Si può ancora essere “politici” in un disco? Ossia, è ancora possibile riuscire a veicolare un netto messaggio politico, riuscendo al contempo a produrre della musica coerente con le premesse teoriche?
A sentire la musica prodotta da Shabaka Hutchings, 34 enne sassofonista londinese con fitti legami di storia personale nelle Barbados, ex colonia britannica, si direbbe proprio di sì. E' difatti lui l'anima e la testa dietro ai Sons Of Kemet, gruppo jazz londinese dalla formazione atipica (doppia batteria/percussioni, tuba e sassofono) e a molti altri gruppi della nuova scena jazz britannica (oltre ai Sons Of Kemet, Hutchings è dietro a The Comet Is Coming, The Ancestors, e collabora con Heliocentrics e Polar Bear). Il suo è un messaggio forte e diretto contro la politica coloniale inglese, in particolare nei Caraibi, da cui proveniva la famiglia di Hutchings e in cui lui stesso si trasferì e visse dai 6 anni all'adolescenza, tornando in patria con un attestato di conservatorio al clarinetto. Oltre che con un bagaglio culturale allargato e un notevole dente avvelenato verso il colonialismo britannico .
Da tutto ciò scaturisce il concept futuristico-politico dietro a “Your Queen Is A Reptile” in cui si equipara la Regina ad un essere alieno malvagio adorato da sudditi ebeti, che ne assecondano e ne hanno assecondato i fini egemonici nel mondo. E allora alla Regina Aliena Hutchings contrappone le regine che lui adora, ognuna ad intitolare i brani che compongono “Your Queen Is a Reptile”.

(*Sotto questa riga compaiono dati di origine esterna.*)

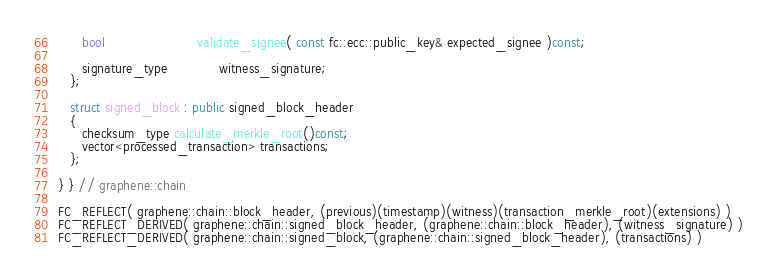Convert code to text. <code><loc_0><loc_0><loc_500><loc_500><_C++_>      bool                       validate_signee( const fc::ecc::public_key& expected_signee )const;

      signature_type             witness_signature;
   };

   struct signed_block : public signed_block_header
   {
      checksum_type calculate_merkle_root()const;
      vector<processed_transaction> transactions;
   };

} } // graphene::chain

FC_REFLECT( graphene::chain::block_header, (previous)(timestamp)(witness)(transaction_merkle_root)(extensions) )
FC_REFLECT_DERIVED( graphene::chain::signed_block_header, (graphene::chain::block_header), (witness_signature) )
FC_REFLECT_DERIVED( graphene::chain::signed_block, (graphene::chain::signed_block_header), (transactions) )
</code>

Si parte con Ada Eastman, nonna di Shabaka, omaggiata con un brano dalle spedite ritmiche caraibiche, intervallate da un cantato a metà fra hip hop, Reggaeton e qualcosa di tribalmente Voodoo. Si prosegue con un dub jazz cantato da quello che potrebbe essere un toaster rastone dei sobborghi di Kingston e dedicata alla psicologa Mamie Phipps Clark. Sono forse queste le due tracce che escono un po' di più dal seminato prettamente jazzistico, ma non si può dire che il resto del disco (e delle donne nere black and proud omaggiate) sia di livello inferiore, anzi.
L'attivista Harriet Tubman cavalca un jazz sincopato e schizoide condotto da un lungo solo che dura in pratica l'intero pezzo. La mitica Angela Davis procede sorniona e groovy, su un tappeto di tuba dai decibelbassissimi. Nanny, regina dei Maroons, figura importante per l'indipendenza dei Giamaicani, si stende su rilassate ritmiche africane, mood che condivide con il bellissimo brano dedicato a Anna Julia Cooper, sociologa ed educatrice nera. Ancora Africa, versante Etiope nel brano dedicato alla regina del popolo Ashanti Yaa Asantewaa.
E per finire il brano che svetta secondo me su tutto, il tributo a Albertina Sisulu, moglie attivista del prigioniero politico sudafricano Walter Sisulu, roba che viene voglia di ballare per strada, tutti insieme: neri, bianchi gialli verdi e blu. Certifica sia la bontà della musica che l'approccio politico la mitica Impulse Records.Già da ora fra le migliori cose sentite questo anno.